[PROVIDED RECORDS]
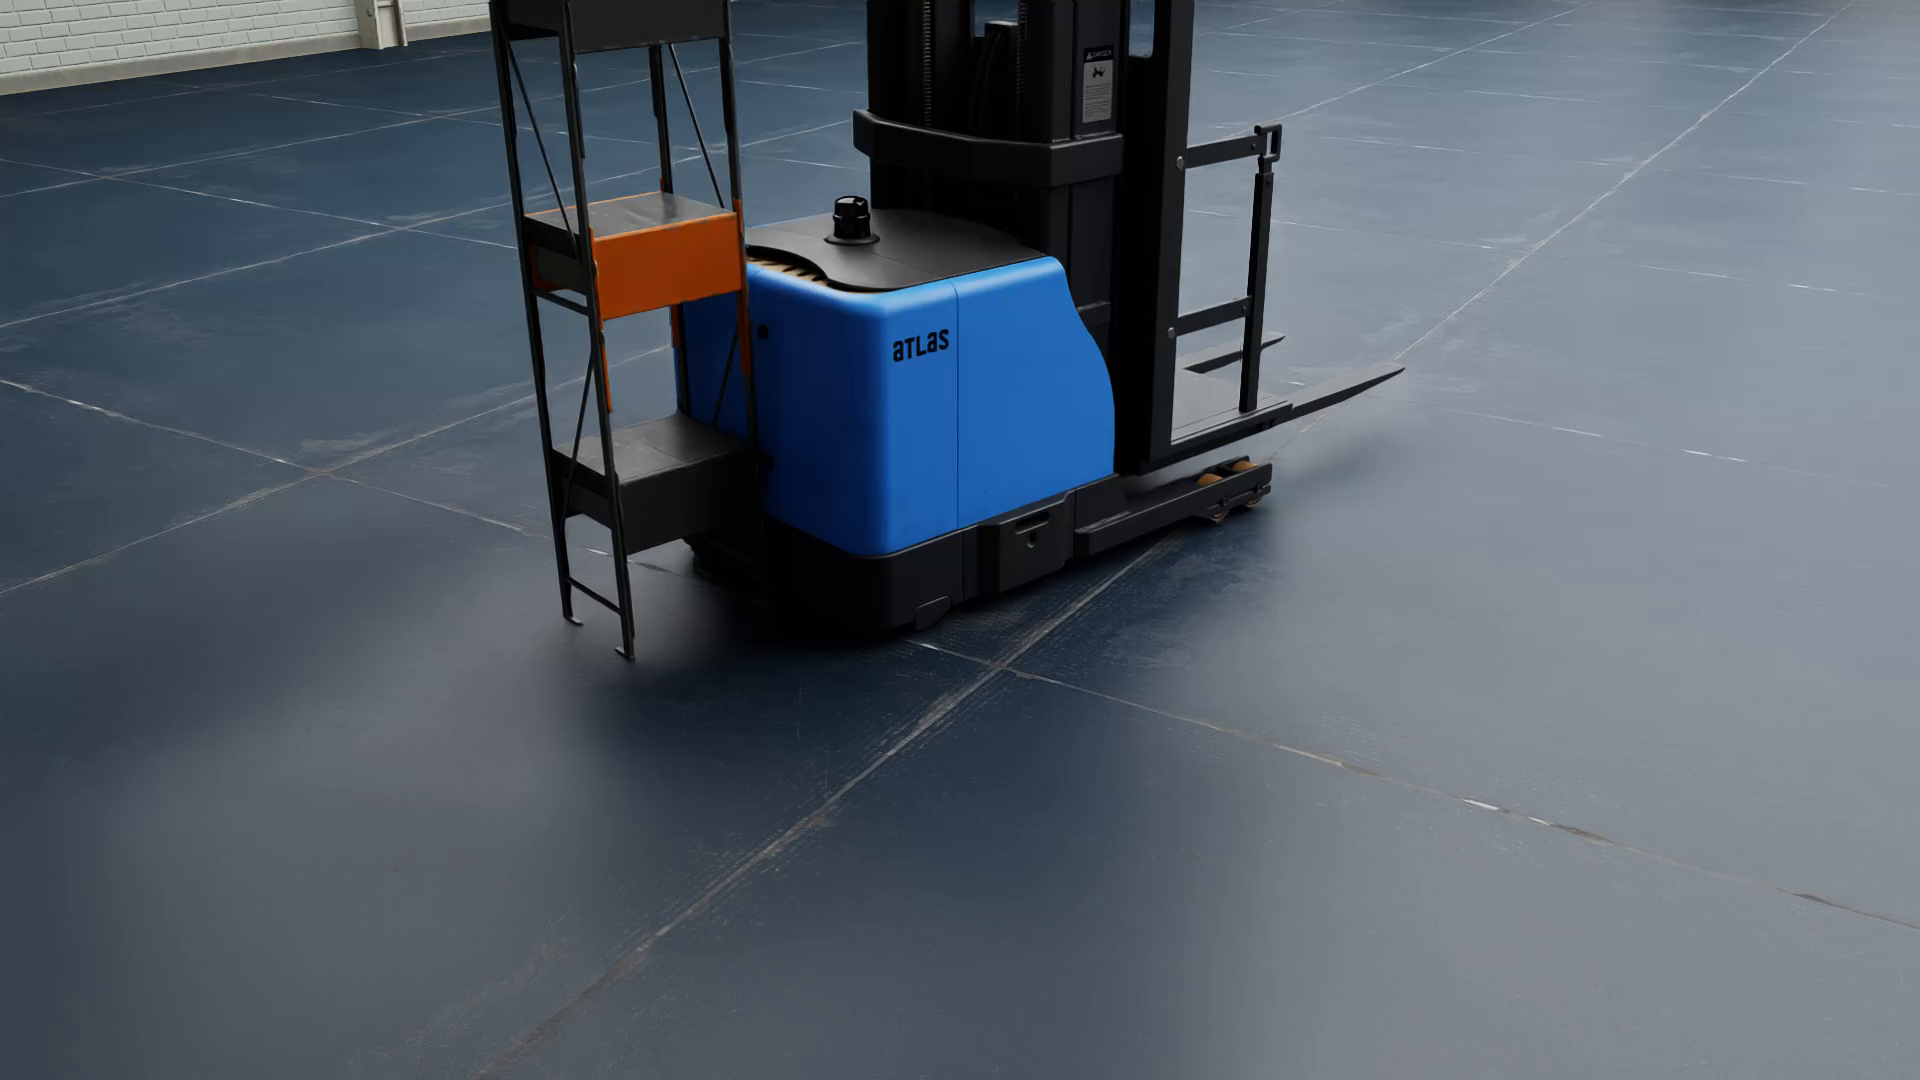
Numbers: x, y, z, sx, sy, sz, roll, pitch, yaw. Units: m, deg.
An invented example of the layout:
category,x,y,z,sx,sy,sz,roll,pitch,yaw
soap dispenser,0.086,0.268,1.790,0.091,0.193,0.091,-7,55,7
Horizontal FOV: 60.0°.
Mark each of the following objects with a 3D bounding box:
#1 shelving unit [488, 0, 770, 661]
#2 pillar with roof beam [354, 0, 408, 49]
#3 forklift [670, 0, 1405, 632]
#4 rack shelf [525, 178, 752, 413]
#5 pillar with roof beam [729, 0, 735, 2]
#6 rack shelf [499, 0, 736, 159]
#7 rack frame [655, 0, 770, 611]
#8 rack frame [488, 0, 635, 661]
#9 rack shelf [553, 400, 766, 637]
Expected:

* * *

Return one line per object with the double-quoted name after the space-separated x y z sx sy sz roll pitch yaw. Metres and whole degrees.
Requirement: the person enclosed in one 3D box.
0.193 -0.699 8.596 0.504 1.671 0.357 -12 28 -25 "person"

---

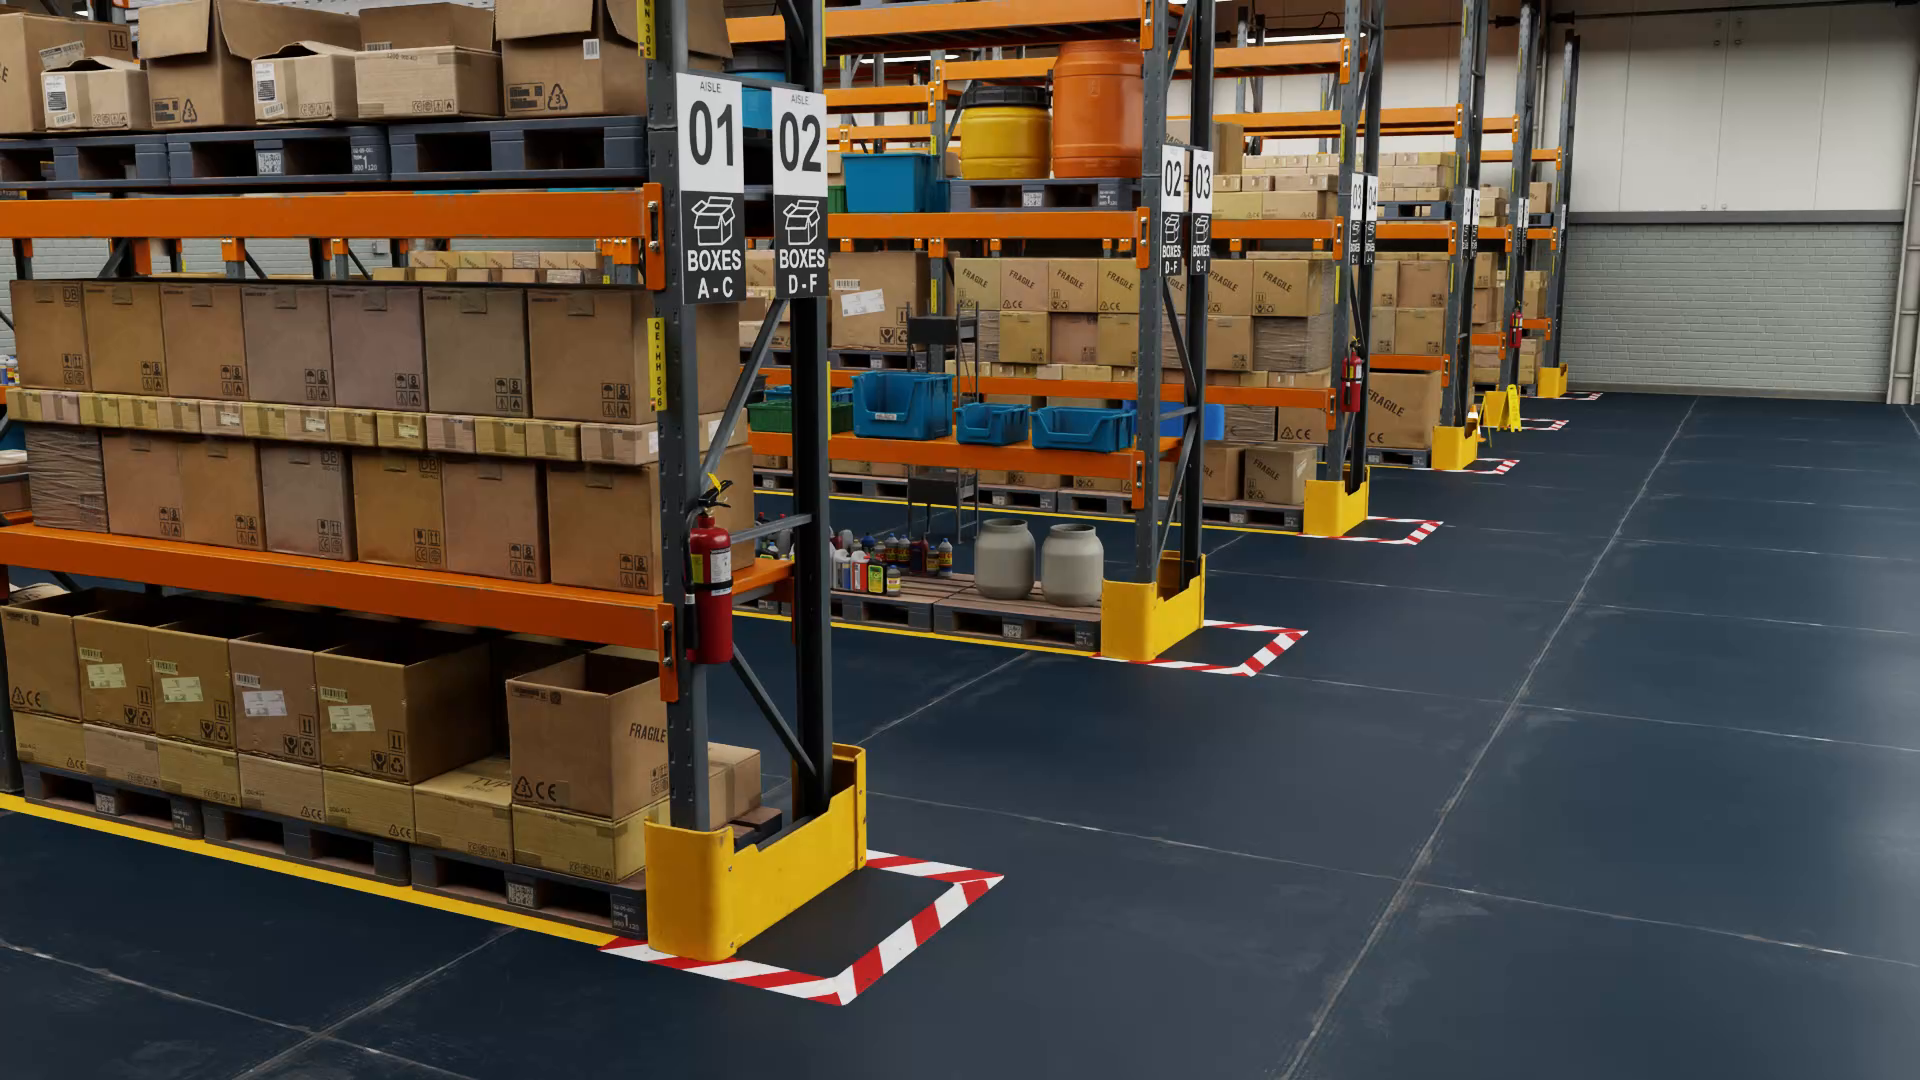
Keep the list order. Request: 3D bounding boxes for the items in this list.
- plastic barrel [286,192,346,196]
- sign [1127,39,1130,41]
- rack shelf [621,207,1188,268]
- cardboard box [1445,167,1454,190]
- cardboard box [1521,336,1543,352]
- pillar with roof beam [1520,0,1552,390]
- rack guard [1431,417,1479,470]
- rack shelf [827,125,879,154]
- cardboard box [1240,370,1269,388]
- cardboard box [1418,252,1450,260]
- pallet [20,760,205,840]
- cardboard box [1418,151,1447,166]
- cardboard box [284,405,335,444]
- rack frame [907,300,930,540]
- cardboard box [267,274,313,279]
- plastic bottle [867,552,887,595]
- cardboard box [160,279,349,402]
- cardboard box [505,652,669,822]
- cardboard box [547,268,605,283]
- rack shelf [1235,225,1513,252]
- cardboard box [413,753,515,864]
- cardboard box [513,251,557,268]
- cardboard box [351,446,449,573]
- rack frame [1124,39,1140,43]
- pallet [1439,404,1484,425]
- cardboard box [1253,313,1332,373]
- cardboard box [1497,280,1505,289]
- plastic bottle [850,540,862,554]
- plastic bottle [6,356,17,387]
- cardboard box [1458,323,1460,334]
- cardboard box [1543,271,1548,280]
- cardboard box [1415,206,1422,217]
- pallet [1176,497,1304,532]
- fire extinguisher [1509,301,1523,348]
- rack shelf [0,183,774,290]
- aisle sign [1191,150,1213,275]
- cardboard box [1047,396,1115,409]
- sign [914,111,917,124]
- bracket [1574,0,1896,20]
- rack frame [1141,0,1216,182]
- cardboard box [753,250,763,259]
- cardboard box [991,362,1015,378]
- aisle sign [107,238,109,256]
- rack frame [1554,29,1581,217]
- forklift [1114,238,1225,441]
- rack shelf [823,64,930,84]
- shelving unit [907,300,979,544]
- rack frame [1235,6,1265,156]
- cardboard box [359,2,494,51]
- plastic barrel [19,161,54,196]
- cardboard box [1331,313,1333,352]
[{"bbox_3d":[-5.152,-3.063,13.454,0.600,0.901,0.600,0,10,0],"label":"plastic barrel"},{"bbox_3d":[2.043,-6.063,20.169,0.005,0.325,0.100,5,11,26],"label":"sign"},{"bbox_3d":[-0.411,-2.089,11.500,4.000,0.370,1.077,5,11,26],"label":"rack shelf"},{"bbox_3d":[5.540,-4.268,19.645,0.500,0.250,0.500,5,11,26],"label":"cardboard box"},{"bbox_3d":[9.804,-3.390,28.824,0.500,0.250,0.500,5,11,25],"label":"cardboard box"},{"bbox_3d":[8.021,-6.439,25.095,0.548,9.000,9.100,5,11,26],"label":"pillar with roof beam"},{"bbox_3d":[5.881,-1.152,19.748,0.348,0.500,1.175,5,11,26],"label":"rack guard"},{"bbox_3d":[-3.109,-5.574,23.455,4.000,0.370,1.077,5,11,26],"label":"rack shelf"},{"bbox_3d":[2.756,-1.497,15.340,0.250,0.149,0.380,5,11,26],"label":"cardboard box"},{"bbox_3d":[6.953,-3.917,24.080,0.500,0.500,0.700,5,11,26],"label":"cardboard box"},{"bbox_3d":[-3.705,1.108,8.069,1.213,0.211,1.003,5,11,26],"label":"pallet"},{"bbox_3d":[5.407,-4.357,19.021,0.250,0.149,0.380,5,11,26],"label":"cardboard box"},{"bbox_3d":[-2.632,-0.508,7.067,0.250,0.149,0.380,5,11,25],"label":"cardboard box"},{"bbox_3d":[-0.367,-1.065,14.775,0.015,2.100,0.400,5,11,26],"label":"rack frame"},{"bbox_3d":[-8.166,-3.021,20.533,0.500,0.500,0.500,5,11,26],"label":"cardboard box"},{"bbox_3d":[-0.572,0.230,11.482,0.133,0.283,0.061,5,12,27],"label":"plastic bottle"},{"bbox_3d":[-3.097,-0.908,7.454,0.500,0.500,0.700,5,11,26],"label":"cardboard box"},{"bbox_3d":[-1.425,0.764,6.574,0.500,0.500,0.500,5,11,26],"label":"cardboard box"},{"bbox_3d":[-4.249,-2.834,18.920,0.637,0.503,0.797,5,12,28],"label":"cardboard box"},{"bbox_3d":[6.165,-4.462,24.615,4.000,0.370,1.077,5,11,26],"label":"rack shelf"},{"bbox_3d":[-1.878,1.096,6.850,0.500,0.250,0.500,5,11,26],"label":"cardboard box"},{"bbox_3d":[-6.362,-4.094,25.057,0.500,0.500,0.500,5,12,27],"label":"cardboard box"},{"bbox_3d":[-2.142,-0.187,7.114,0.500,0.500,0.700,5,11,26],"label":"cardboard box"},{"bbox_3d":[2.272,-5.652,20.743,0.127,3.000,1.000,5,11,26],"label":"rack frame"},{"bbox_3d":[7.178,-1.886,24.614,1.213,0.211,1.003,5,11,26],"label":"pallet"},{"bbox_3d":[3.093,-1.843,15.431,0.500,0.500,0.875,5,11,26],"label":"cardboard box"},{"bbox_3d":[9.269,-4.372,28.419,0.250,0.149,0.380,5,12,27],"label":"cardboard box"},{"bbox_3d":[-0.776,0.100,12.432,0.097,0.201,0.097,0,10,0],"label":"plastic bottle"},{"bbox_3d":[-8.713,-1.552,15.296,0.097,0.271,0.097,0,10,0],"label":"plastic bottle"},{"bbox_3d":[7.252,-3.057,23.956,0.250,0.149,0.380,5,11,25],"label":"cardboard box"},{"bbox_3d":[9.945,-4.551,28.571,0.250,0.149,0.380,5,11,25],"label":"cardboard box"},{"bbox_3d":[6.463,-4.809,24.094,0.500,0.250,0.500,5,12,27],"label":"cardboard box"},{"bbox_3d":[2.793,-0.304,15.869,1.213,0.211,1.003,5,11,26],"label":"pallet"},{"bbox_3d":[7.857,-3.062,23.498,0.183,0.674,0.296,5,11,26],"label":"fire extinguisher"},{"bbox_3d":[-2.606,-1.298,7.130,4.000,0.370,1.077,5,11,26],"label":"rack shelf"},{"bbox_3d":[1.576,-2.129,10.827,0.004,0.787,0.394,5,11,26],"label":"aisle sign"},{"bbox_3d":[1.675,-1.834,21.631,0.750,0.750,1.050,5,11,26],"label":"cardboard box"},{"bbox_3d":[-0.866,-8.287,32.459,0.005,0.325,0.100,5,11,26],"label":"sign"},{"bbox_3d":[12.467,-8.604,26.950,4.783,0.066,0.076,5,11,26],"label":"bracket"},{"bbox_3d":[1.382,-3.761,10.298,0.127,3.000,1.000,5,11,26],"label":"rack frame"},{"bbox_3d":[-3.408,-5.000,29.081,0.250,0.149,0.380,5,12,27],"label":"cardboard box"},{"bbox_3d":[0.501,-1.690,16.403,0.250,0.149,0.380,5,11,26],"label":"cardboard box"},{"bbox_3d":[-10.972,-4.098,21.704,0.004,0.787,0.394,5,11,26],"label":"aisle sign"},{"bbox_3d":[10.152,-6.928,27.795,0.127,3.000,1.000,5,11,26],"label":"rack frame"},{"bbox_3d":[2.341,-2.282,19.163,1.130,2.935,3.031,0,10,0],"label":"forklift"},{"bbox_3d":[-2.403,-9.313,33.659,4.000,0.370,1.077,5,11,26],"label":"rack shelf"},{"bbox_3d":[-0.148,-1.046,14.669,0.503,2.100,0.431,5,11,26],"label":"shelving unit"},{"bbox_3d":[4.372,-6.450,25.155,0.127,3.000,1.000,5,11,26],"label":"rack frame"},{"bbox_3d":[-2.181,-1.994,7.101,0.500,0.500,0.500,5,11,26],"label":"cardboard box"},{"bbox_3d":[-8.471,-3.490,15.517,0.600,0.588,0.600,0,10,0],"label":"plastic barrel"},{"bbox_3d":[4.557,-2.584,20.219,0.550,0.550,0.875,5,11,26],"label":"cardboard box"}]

[WHAT NEEDS TO BE DONE]
Copy each line from the data above that includes "roll".

[OUTPUT OF THE TASK]
Numbers: x, y, z, sx, sy, sz, roll, pitch, yaw. Units: m, deg.
category,x,y,z,sx,sy,sz,roll,pitch,yaw
Return one line per object with the double-quoted name after the space-separated x y z sx sy sz roll pitch yaw. Metres and whole degrees.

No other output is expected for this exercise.